Study note • PMID 40393849
Pre-cooling alters pacing profiles resulting in no additional benefit to 20-km self-paced maximal cycling time-trial performance in heat acclimated endurance athletes.
Low risk + high feasibility for most athletes.
ELI5
In plain language
To examine the effect of pre-cooling (PreC) on cycling time-trial (CTT) performance in heat, before and after heat acclimation (HA). (randomized trial; trained triathletes).
The abstract doesn’t indicate a clear change in Performance in heat, Time-trial performance under the tested conditions. Treat this as a signal, not a guarantee; confirm methods and context in the full paper.
Takeaways
What the abstract suggests
- • Study question: To examine the effect of pre-cooling (PreC) on cycling time-trial (CTT) performance in heat, before and after heat acclimation (HA).
- • The abstract doesn’t indicate a clear change in Performance in heat, Time-trial performance under the tested conditions.
- • Population: trained triathletes.
- • Protocol cues (title/abstract): 60 min • 30 min • 5 km.
Protocol
Protocol (as reported)
- • Intervention/exposure: heat acclimation, heat stress (vs comparison group).
- • Dose/time/duration cues in abstract/title: 60 min • 30 min • 5 km.
- • Outcomes: Performance in heat, Time-trial performance.
- • Replication note: abstracts often omit adherence and timing; confirm details before changing training or supplementation.
Fit
Who it helps, and who should skip it
Who it helps
- • Athletes similar to the study population (trained triathletes) working on heat.
- • Athletes who can measure Performance in heat, Time-trial performance with a repeatable workout or time-trial effort.
Who should skip
- • If you have symptoms or conditions that make the intervention risky, get professional guidance.

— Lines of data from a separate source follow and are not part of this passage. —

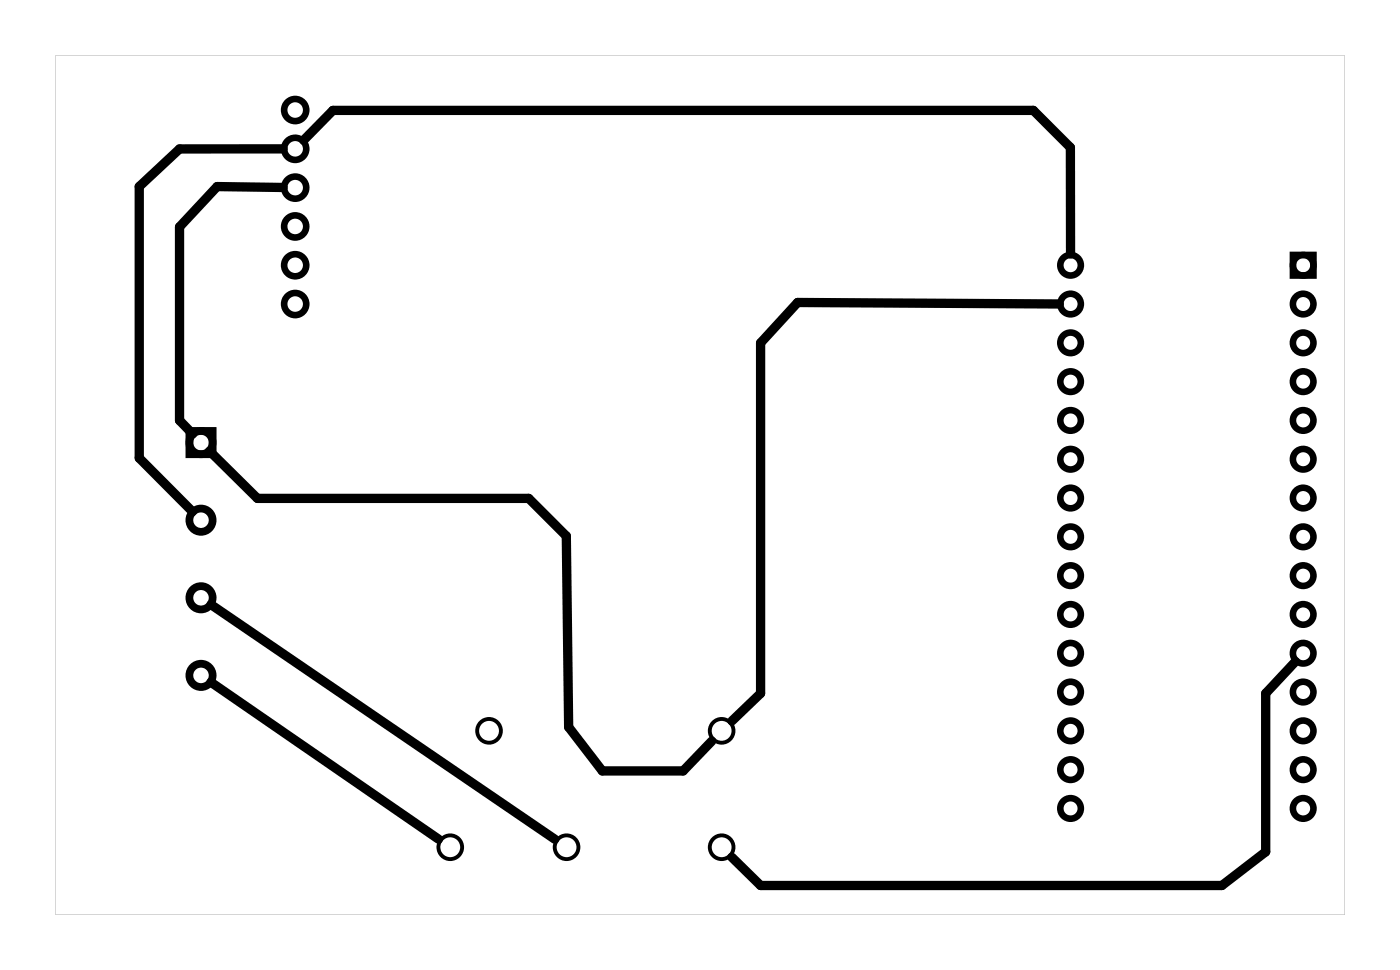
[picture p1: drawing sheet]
<svg xmlns="http://www.w3.org/2000/svg" width="92mm" height="63mm" viewBox="0 0 92 63" stroke-linecap="round" stroke-linejoin="round" font-family="sans-serif">
<path d="M3.6 3.6v56.3h84.5v-56.3zM3.6 3.6h84.5v56.3h-84.5z" fill="#000"/>
<g fill="none" stroke="#000" stroke-width=".43">
<path d="M84.7 16.7h1.4v1.3h-1.4z"/>
<circle cx="19.3" cy="9.7" r=".72"/>
<circle cx="19.3" cy="7.2" r=".72"/>
<circle cx="19.3" cy="19.9" r=".72"/>
<circle cx="19.3" cy="17.4" r=".72"/>
<circle cx="19.3" cy="12.3" r=".72"/>
<circle cx="19.3" cy="14.8" r=".72"/>
<circle cx="70.1" cy="19.9" r=".67"/>
<circle cx="70.1" cy="17.4" r=".67"/>
<circle cx="85.4" cy="19.9" r=".67"/>
<circle cx="85.4" cy="17.4" r=".67"/>
<circle cx="70.1" cy="22.4" r=".67"/>
<circle cx="70.1" cy="32.6" r=".67"/>
<circle cx="70.1" cy="27.5" r=".67"/>
<circle cx="70.1" cy="30.1" r=".67"/>
<circle cx="70.1" cy="25" r=".67"/>
<circle cx="70.1" cy="35.1" r=".67"/>
<circle cx="70.1" cy="37.7" r=".67"/>
<circle cx="85.4" cy="22.4" r=".67"/>
<circle cx="85.4" cy="27.5" r=".67"/>
<circle cx="85.4" cy="32.6" r=".67"/>
<circle cx="85.4" cy="30.1" r=".67"/>
<circle cx="85.4" cy="25" r=".67"/>
<circle cx="85.4" cy="35.1" r=".67"/>
<circle cx="85.4" cy="37.7" r=".67"/>
<circle cx="70.1" cy="50.4" r=".67"/>
<circle cx="70.1" cy="40.2" r=".67"/>
<circle cx="70.1" cy="42.8" r=".67"/>
<circle cx="70.1" cy="45.3" r=".67"/>
<circle cx="70.1" cy="47.8" r=".67"/>
<circle cx="70.1" cy="52.9" r=".67"/>
<circle cx="85.4" cy="42.8" r=".67"/>
<circle cx="85.4" cy="52.9" r=".67"/>
<circle cx="85.4" cy="40.2" r=".67"/>
<circle cx="85.4" cy="47.8" r=".67"/>
<circle cx="85.4" cy="50.4" r=".67"/>
<circle cx="85.4" cy="45.3" r=".67"/>
</g>
<g fill="none" stroke="#000" stroke-width=".25">
<circle cx="29.5" cy="55.5" r=".78"/>
<circle cx="32" cy="47.8" r=".78"/>
<circle cx="37.1" cy="55.5" r=".78"/>
<circle cx="47.3" cy="47.8" r=".78"/>
<circle cx="47.3" cy="55.5" r=".78"/>
</g>
<g fill="none" stroke="#000" stroke-width=".51">
<path d="M12.4 28.2h1.5v1.5h-1.5z"/>
<circle cx="13.2" cy="29" r=".76"/>
<circle cx="13.2" cy="39.1" r=".76"/>
<circle cx="13.2" cy="34.1" r=".76"/>
<circle cx="13.2" cy="44.2" r=".76"/>
</g>
<path d="M18.5 12.3l-4.3-.1-2.4 2.7v12.6l.8 .9M18.5 9.7l-6.7 .1-2.7 2.4v17.8l3.5 3.5M19.9 9.2l1.9-2h45.9l2.4 2.5v6.9M69.4 19.9l-17.1-.1-2.5 2.6v23l-1.8 1.8M13.7 29.5l3.2 3.1h17.7l2.5 2.5 .2 12.5 2.2 2.9h5.3l1.8-2M13.8 39.6l22.5 15.3M13.8 44.7l14.9 10.2M84.9 43.3l-2 2.1v10.4l-2.8 2.2h-30.3l-1.9-1.9" fill="none" stroke="#000" stroke-width=".61"/>
</svg>

- • If you’re near race day and can’t safely test, defer the experiment.
Methods
What the study actually did
- • Design: randomized trial.
- • Population: trained triathletes.
- • Comparator: comparison group.
- • Outcomes measured: Performance in heat, Time-trial performance.
- • Protocol cues mentioned: 60 min • 30 min • 5 km.
- • Source: PubMed PMID 40393849 (2025) — Journal of science and medicine in sport.
Results excerpt
What the abstract reports
“Split times were faster in the first 12.5 km of the CTT in PostHA+PreC but slower across the rest of the CTT compared to PostHA-CON (b = -1.224 [-2.196, -0.157]).”
Note: excerpts are short; for full context, read the paper.
Limits
Limitations & bias
- • Abstract-only summaries can miss critical details (population, protocol, adherence, and context).
- • Single studies often don’t generalize to your event, history, and training load; treat results as a starting point.
- • If your context differs (elite vs recreational; cycling vs running), adjust expectations and be conservative.
- • This is performance information, not medical advice.
Coaching beta
Get a plan that adapts to your life.
Join the 26weeks.ai TestFlight beta for adaptive coaching, recovery-aware adjustments, and race-week reminders.
Keep going
Performance Science Lab
Research-backed protocols and evidence grades for endurance performance — built for athletes.
Heat performance research
Heat changes pacing, hydration, and fueling — and it can be trained like altitude with fewer logistics.
Heat acclimation: a protocol you can actually execute
Evidence-informed protocol: Heat acclimation: a protocol you can actually execute. Practical steps, who it helps, and what to watch out for.
Performance in heat research for endurance athletes
Heat punishes ego pacing; you need acclimation and cooling strategy to execute.
Time-trial performance research for endurance athletes
Practical performance outcome used in many studies: closer to racing than lab-only metrics.